WORK ITEM: Please return the lines of the data below, word for word, from the first line through the line containing "Keep it short and to the point. Large.".

(Dataset entries)
- - -

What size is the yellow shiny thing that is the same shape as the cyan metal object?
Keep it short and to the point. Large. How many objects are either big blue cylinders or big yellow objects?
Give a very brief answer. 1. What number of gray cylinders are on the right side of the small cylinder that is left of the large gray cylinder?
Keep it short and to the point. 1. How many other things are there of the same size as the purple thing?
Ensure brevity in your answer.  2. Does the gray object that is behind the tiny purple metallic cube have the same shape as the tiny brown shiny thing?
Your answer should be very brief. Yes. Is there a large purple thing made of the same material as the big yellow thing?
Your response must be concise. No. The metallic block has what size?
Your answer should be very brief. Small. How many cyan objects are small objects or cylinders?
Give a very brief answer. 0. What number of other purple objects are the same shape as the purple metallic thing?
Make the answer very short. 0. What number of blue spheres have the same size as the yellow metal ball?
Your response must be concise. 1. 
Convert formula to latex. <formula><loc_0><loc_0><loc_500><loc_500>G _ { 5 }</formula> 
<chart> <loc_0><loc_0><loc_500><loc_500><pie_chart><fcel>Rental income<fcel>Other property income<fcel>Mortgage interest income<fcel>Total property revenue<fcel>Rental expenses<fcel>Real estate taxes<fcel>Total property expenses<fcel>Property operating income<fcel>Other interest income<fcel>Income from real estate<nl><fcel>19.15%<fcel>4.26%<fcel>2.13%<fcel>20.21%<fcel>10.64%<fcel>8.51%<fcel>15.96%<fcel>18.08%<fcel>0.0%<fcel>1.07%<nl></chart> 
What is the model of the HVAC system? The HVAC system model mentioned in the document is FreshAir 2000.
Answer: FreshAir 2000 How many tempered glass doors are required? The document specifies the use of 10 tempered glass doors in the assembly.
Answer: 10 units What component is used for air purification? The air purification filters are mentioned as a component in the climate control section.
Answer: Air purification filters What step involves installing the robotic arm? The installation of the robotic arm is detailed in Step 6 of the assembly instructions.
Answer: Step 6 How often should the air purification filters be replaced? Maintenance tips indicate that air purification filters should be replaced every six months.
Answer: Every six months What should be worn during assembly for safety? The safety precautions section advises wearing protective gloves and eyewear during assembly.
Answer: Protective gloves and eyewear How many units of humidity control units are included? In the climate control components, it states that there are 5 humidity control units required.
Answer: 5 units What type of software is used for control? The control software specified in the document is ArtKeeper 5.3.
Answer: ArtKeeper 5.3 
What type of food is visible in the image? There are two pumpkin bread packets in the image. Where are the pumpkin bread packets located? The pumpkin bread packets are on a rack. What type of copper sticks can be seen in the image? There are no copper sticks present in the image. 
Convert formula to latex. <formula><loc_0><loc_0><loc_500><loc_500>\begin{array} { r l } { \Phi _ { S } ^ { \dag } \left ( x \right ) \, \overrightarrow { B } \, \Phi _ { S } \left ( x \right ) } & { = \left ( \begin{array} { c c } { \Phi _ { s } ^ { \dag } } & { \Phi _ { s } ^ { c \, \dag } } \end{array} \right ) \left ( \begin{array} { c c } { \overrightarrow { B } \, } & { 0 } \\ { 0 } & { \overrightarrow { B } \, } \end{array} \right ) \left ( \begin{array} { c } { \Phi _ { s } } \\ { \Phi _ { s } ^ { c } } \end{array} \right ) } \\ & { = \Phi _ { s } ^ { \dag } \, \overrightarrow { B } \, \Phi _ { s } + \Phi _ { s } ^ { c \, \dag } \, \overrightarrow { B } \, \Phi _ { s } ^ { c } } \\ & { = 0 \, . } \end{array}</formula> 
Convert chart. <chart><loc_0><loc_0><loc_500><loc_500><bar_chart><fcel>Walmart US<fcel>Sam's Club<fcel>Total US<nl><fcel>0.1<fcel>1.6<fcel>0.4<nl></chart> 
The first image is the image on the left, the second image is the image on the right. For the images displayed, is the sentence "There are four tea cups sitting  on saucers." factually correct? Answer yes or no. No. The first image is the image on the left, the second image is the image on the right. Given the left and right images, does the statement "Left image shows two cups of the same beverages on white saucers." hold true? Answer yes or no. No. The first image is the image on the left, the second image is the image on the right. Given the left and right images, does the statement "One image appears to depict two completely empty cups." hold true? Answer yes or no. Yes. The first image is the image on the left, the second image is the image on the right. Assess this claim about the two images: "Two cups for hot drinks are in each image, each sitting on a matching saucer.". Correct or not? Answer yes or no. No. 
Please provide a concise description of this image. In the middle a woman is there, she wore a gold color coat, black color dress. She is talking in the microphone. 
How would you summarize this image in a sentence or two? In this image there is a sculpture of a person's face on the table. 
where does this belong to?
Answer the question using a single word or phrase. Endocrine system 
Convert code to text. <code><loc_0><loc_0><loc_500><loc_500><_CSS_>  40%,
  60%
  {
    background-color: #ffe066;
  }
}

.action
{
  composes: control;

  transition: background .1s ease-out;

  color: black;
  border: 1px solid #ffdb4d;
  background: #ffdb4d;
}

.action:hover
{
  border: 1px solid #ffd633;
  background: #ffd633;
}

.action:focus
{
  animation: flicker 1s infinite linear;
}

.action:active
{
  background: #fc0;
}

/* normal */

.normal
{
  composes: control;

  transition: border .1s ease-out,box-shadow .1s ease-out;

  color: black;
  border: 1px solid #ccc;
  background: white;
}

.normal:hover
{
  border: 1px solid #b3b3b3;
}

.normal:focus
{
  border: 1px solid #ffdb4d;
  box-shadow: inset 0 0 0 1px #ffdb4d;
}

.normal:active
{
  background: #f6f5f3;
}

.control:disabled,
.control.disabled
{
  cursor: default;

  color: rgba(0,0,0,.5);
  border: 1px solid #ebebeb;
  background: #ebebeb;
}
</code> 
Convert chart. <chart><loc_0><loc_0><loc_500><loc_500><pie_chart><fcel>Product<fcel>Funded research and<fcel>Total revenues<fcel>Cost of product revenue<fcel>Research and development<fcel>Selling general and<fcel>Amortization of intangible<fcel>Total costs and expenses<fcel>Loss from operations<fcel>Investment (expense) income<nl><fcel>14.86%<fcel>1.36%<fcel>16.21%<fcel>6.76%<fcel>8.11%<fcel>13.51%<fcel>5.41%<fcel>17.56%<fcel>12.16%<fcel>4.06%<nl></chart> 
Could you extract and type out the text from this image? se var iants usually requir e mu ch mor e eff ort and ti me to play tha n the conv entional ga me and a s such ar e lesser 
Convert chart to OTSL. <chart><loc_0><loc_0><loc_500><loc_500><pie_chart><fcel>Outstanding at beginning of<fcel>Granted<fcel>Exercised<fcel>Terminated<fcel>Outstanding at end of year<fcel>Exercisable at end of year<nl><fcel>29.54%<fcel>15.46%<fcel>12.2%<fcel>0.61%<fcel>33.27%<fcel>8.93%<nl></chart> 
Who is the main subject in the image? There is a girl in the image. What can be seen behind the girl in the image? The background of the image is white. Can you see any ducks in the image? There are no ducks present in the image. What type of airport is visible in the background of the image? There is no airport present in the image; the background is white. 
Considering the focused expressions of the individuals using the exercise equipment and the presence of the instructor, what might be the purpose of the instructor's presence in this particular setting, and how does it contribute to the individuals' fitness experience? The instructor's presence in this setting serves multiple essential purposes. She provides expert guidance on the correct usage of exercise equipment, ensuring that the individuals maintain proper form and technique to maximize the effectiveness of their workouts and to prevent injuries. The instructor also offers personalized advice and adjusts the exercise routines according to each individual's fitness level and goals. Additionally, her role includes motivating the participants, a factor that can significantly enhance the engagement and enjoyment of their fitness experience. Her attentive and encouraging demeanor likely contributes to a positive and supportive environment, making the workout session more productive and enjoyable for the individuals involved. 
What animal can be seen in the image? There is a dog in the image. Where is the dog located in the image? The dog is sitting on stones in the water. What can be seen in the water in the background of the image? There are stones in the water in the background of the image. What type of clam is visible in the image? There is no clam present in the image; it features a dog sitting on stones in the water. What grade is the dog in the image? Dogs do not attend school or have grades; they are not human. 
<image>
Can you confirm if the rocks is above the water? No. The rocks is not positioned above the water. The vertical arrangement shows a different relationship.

- - -

TASK RESULT:
What size is the yellow shiny thing that is the same shape as the cyan metal object?
Keep it short and to the point. Large. How many objects are either big blue cylinders or big yellow objects?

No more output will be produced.